- Boundary of Westminster North in Greater London
- County: Greater London
- Electorate: 65,936 (December 2010)
- Major settlements: Maida Vale St John's Wood Queen's Park Bayswater

2010–2024
- Seats: One
- Created from: Regent's Park and Kensington North Cities of London and Westminster (one ward and parts of two others)
- Replaced by: Cities of London and Westminster, Kensington and Bayswater, Queen's Park and Maida Vale

1983–1997
- Seats: One
- Created from: Paddington and St Marylebone
- Replaced by: Regent's Park and Kensington North Cities of London and Westminster

= Westminster North =

UK Parliament constituency (1983–1997, 2010–2024)

Westminster North was a constituency in Greater London represented in the House of Commons of the UK Parliament. It existed for the periods 1983–1997 and 2010–2024.

Further to the completion of the 2023 Periodic Review of Westminster constituencies, the seat was abolished, with the majority being included in the new constituency of Queen's Park and Maida Vale. The Abbey Road and Regent's Park wards were transferred to Cities of London and Westminster, and the Bayswater and Lancaster Gate wards to Kensington and Bayswater.

==Constituency profile==
Comprising the northwestern part of the City of Westminster, the constituency contained some affluent residential areas that have historically voted Conservative in large numbers, such as Bayswater and the area on the western and northwestern sides of Regent's Park.

Lord's Cricket Ground and the Abbey Road Studios are in the seat, as are the Queen's Park, Church Street, Westbourne Park, and Harrow Road areas, further from central London. However, the seat has mostly been represented at local level by Conservative councillors, via the wards of Little Venice, Regent's Park, Abbey Road and Lancaster Gate, while Maida Vale and Bayswater have had split representation.

Reflective of the transport links to the selective professional industries of the City of London and long-standing desirable housing in this area, workless claimants who were registered jobseekers were in November 2012 lower than the national average of 3.8%, at 2.9% of the population, based on a statistical compilation by The Guardian.

==History==
===1983–1997===
The seat was created under the Third Periodic Review of constituencies in 1983, which followed the first Boundary Commission Review in 1945, which in turn directly followed the Representation of the People Act 1918 review. It was based largely on Paddington but also took in the abolished St Marylebone constituency.

- Political history
The seat was held with modest majorities for the first creation, made up of three terms, by John Wheeler, a Conservative. Paddington constituency, its main predecessor was often marginal: by length of a single party's representation and by majorities achieved. The far less contributory precursor, St Marylebone, was a Conservative safe seat.

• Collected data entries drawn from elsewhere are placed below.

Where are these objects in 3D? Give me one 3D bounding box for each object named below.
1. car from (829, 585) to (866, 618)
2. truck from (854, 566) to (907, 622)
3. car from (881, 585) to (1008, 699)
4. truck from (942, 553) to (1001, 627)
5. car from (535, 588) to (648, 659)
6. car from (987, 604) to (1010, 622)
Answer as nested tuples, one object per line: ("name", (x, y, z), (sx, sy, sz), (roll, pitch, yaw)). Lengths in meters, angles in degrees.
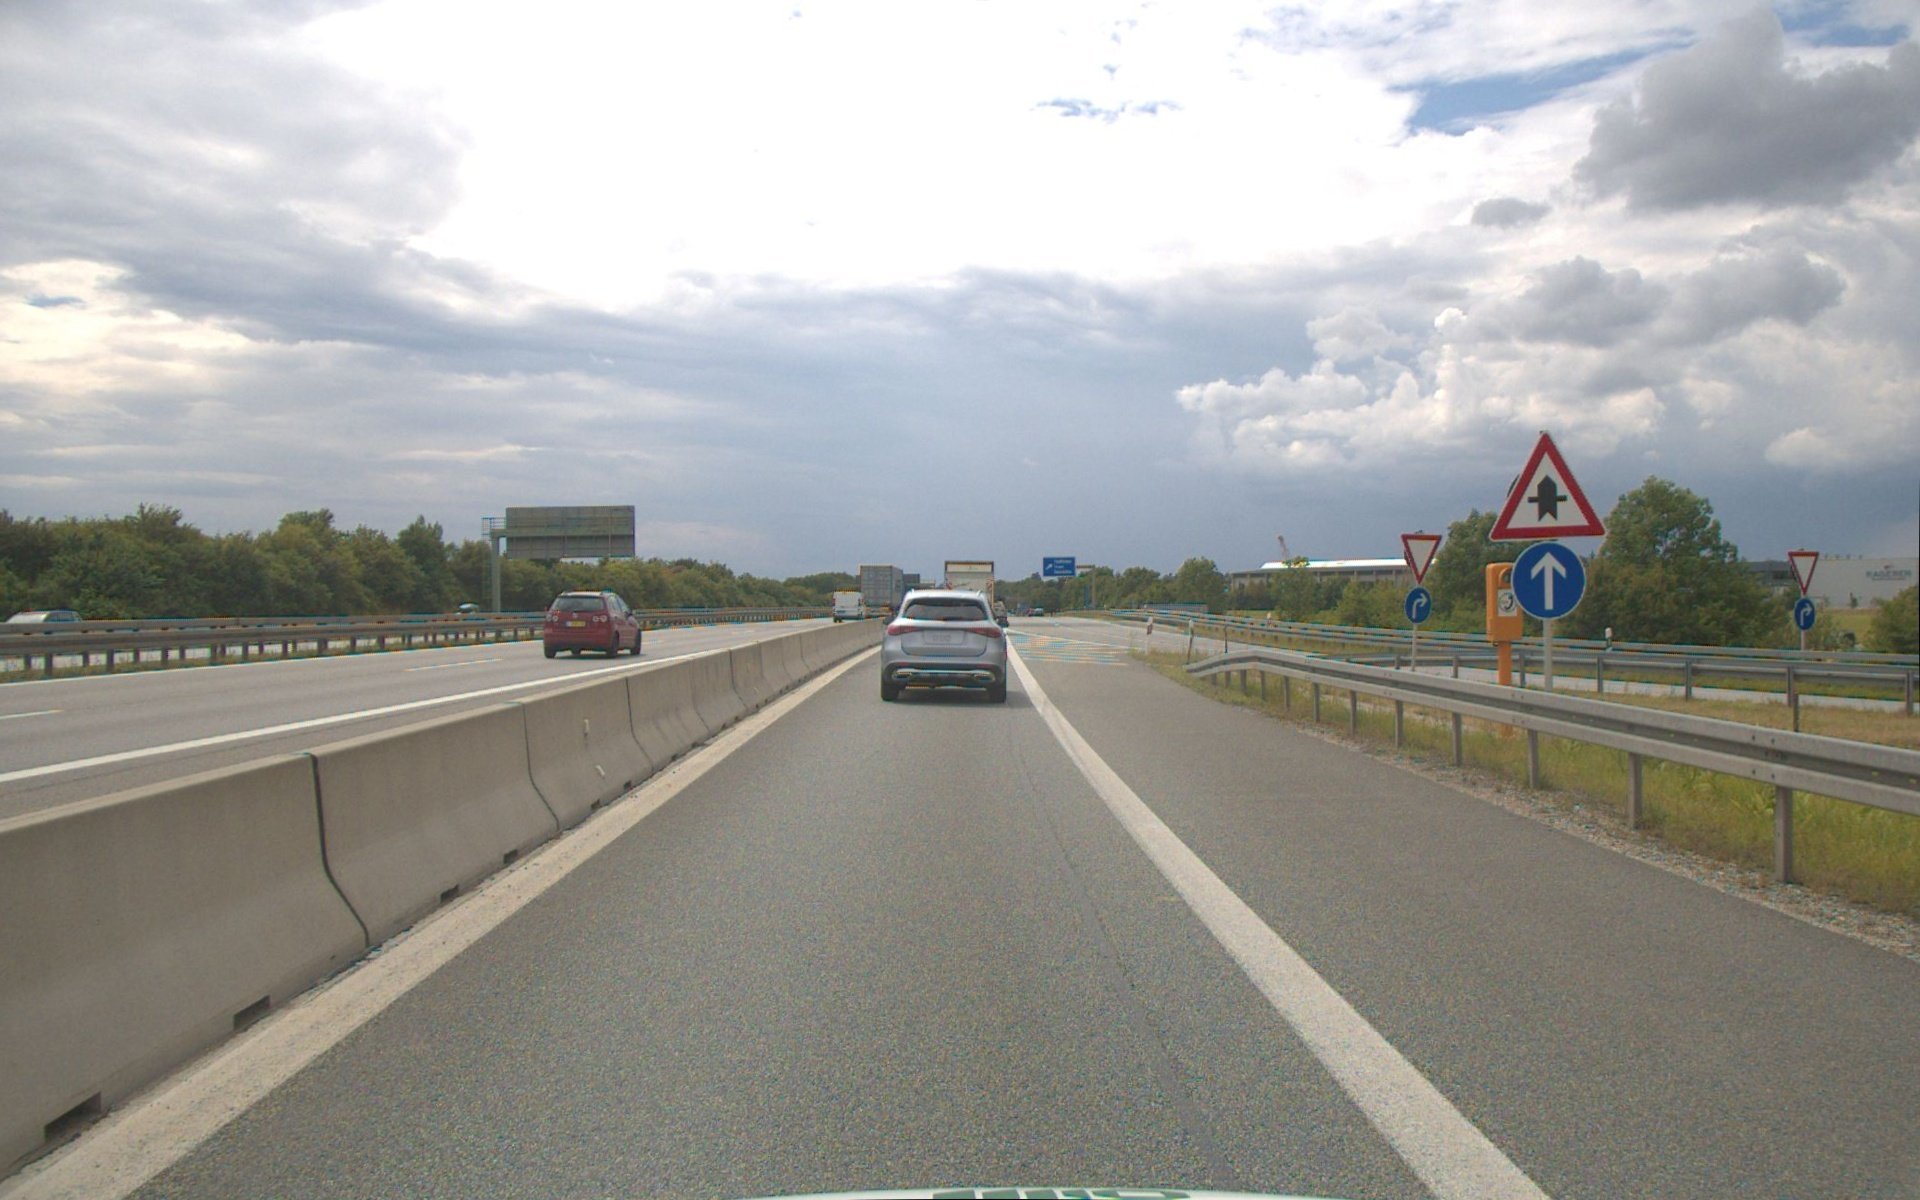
("car", (-7.394, 0.070, 108.701), (1.952, 2.048, 4.376), (1, 1, 2))
("truck", (-6.145, -0.615, 130.259), (3.118, 4.089, 16.078), (1, 1, 1))
("car", (-0.226, 0.574, 25.392), (1.782, 1.541, 4.000), (1, 1, 0))
("truck", (0.501, -0.431, 75.814), (2.516, 3.180, 8.634), (1, 0, 0))
("car", (-9.034, 0.537, 40.900), (1.782, 1.572, 4.355), (1, 1, 0))
("car", (3.027, 1.013, 129.549), (1.661, 1.310, 4.001), (1, 0, 2))

The 1997 boundary changes expanded the constituency to the west, taking in Labour-voting areas of north Kensington and tilting the seat towards Labour. Wheeler decided that he did not wish to contest such unfavourable territory and sought selection elsewhere. However he was unsuccessful in finding a new safe seat and thus retired at the 1997 general election.

===2010-2024===
- Political history
The seat was tipped in mainstream newspapers to be likely to achieve the necessary notional swing based on the same area's votes in the previous election, in 2005, to fall to the Conservative candidate; however the seat fell short of the national average swing and was accordingly won by Karen Buck. The 2015 result gave the seat the 21st most marginal majority of Labour's 232 seats by percentage of majority. In the 2017 general election, Karen Buck increased her majority over Lindsey Hall, the Conservative Party candidate, from 1,977 to 11,512.

==Boundaries==

=== 1983–1997 ===
The City of Westminster wards of: Bayswater; Church Street; Hamilton Terrace; Harrow Road; Lancaster Gate; Little Venice; Lords; Maida Vale; Queen's Park; Regent's Park; and Westbourne.

=== 2010–2024 ===
The electoral wards of: Abbey Road; Bayswater; Church Street; Harrow Road; Lancaster Gate; Little Venice; Maida Vale; Queen's Park; Regent's Park; and Westbourne in the City of Westminster.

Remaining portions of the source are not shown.